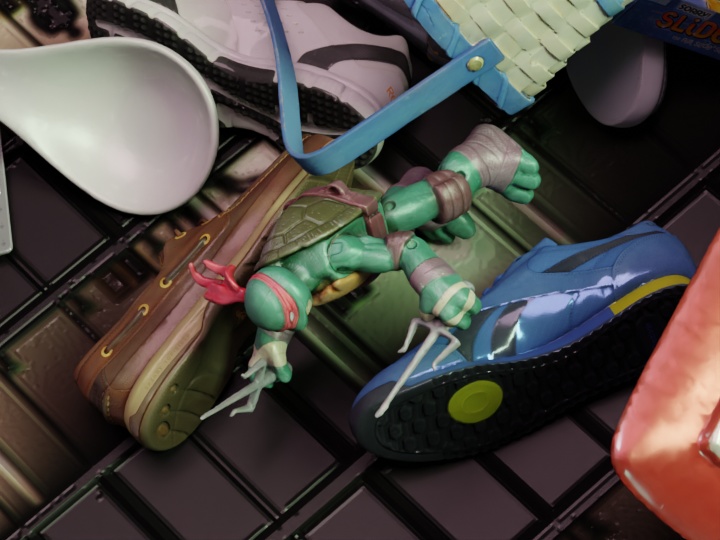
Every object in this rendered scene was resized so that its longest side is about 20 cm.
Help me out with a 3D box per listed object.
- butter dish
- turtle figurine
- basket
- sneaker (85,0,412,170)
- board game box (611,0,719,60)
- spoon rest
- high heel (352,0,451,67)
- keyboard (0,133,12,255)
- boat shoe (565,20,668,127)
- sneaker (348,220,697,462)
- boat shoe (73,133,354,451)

_ _ _ _

> Task directions:
Please show, exactly as written, every line above that contains the word "sneaker".

> Task solution:
- sneaker (85,0,412,170)
- sneaker (348,220,697,462)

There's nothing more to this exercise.